Speaking of delusional figures, it is John Malkovich who has perfected the art of portraying a disturbed psyche. He normally does such a fine job with the psychotic that it was difficult for me to see him as the altruistic Presbyterian Pastor who comes to Christine Collins’ aid.  At the same time, it is Malkovich’s intensity that makes him a formidable opponent to the LAPD.  He is ultimately successful; Miss Collins is released and the corruption is both exposed and publicly condemned.  But whatever happened to little Walter Collins?

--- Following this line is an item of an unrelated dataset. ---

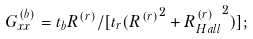<formula> <loc_0><loc_0><loc_500><loc_500>G _ { x x } ^ { ( b ) } = t _ { b } R ^ { ( r ) } / [ t _ { r } ( { R ^ { ( r ) } } ^ { 2 } + { R _ { H a l l } ^ { ( r ) } } ^ { 2 } ) ] ;</formula> 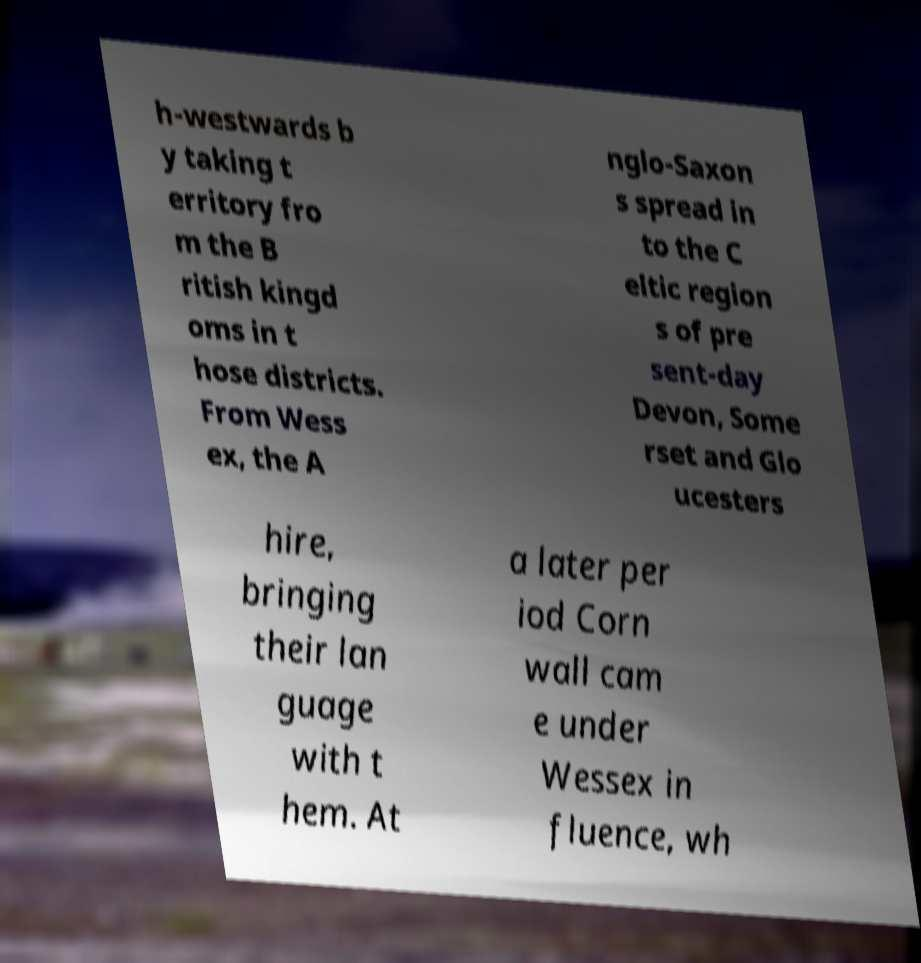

To answer this question, it is necessary to recognize a story within a story.  On the one hand there is the fact of Walter’s disappearance and his mother’s thwarted search for him.  On the other hand, there is the question of his actual whereabouts.  I’m not spoiling the film by telling you that Walter was abducted by serial killer Gordon Northcott, played by Jason Butler Harner.  However, we never come to know Walter’s fate at the hands of his abductor.  Before being hung, Northcott requests to see Christine Collins and although she honours his request, he makes no confession.  We are therefore left in the dark.  Can we share in Christine Collins’ hope that her son survived his ordeal (as some of the other boys who were abducted by Northcott did but were only found years later) to be reunited with her some day?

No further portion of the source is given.